Harap maklum, dalam soal beginian sebagaimana awal tulisan ini, peran seorang kreator sering dilupakan dan dianggap bukan apa-apa. Contoh paling aktual adalah penghargaan terhadap pencipta lagu di industri telekomunikasi (ring back tone misalnya). Para operator telepon seluler masih menganggap dirinya sebagai “penguasa tunggal” yang berhak atas penentuan bagi hasil. Repotnya, mereka selalu mematok jatah 50 persen, bahkan lebih. Sedangkan sang pencipta lagu hanya kebagian tidak lebih dari 10 persen.
Hal serupa juga berlaku manakala para operator mengadakan perjanjian dengan content provider dan penulis buku untuk program mobile book. Para operator belum apa-apa sudah meminta haknya sebesar 50 persen; sementara 50 persen lainnya dibagi-bagi untuk penulis buku, agensi, content provider, dan biaya promosi. Padahal kreativitas sang penulis mobile book telah mampu menghidupi tidak saja operator telepon, tapi juga pihak-pihak lain.
Para pelaku kreativitas tentunya berharap Inpres No 6 Tahun 2009 dapat menjadi penyelamat. Dalam butir 27 Inpres itu, kepada Menteri Perdagangan, Presiden memerintahkan agar memberikan apresiasi/penghargaan kepada insan kreatif secara berkesinambungan. Dalam poin lainnya, Inpres juga mengatur agar pihak-pihak terkait menyusun dan mengimplementasikan kebijakan mengenai Hak Kekayaan Intelektual (HKI) secara konsisten, efisien, dan mengedepankan muatan ekonomi di dalam HKI.

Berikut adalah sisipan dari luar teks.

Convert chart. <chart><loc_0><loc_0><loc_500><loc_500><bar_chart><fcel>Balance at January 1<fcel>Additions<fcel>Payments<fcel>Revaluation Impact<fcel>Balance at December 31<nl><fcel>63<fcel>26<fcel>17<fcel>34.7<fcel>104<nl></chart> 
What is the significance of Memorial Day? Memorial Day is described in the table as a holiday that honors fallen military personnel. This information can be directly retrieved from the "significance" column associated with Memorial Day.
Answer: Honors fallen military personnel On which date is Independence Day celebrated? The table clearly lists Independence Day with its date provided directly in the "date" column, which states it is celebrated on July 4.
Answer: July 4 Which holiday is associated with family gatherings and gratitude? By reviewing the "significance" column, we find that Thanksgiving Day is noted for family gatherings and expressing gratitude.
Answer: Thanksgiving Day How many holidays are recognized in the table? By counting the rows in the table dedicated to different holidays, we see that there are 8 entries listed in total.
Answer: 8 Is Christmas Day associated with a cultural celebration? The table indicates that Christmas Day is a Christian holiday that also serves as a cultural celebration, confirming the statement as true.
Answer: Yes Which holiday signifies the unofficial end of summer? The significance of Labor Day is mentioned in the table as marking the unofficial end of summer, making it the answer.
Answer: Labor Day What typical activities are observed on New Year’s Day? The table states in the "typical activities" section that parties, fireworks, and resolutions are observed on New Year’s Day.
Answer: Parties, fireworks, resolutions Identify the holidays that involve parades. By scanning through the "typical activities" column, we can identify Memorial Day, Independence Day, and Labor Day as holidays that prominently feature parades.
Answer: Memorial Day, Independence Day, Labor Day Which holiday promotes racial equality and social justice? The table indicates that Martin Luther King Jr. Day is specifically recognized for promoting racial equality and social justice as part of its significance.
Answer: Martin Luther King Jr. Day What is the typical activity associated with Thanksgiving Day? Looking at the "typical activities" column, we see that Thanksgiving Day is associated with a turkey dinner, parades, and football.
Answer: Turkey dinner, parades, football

“Mantapkan landasan interaksi bisnis antara perusahaan dengan individu-individu kreatif berupa standar kontrak bisnis yang menghargai HKI (sistem royalti, pencegahan, plagiat dan lain-lain),” bunyi lain dari Inpres tersebut.
Meskipun tidak mengatur besaran prosentasenya dalam kontrak bisnis, semoga Inpres No 6 Tahun 2009 bisa menjadi juru selamat bagi para individu kreatif, sehingga teknopreneur di era teknologi informasi komunikasi ini dapat terus eksis dan tumbuh mengisi ekonomi kreatif yang telah dicanangkan bersama.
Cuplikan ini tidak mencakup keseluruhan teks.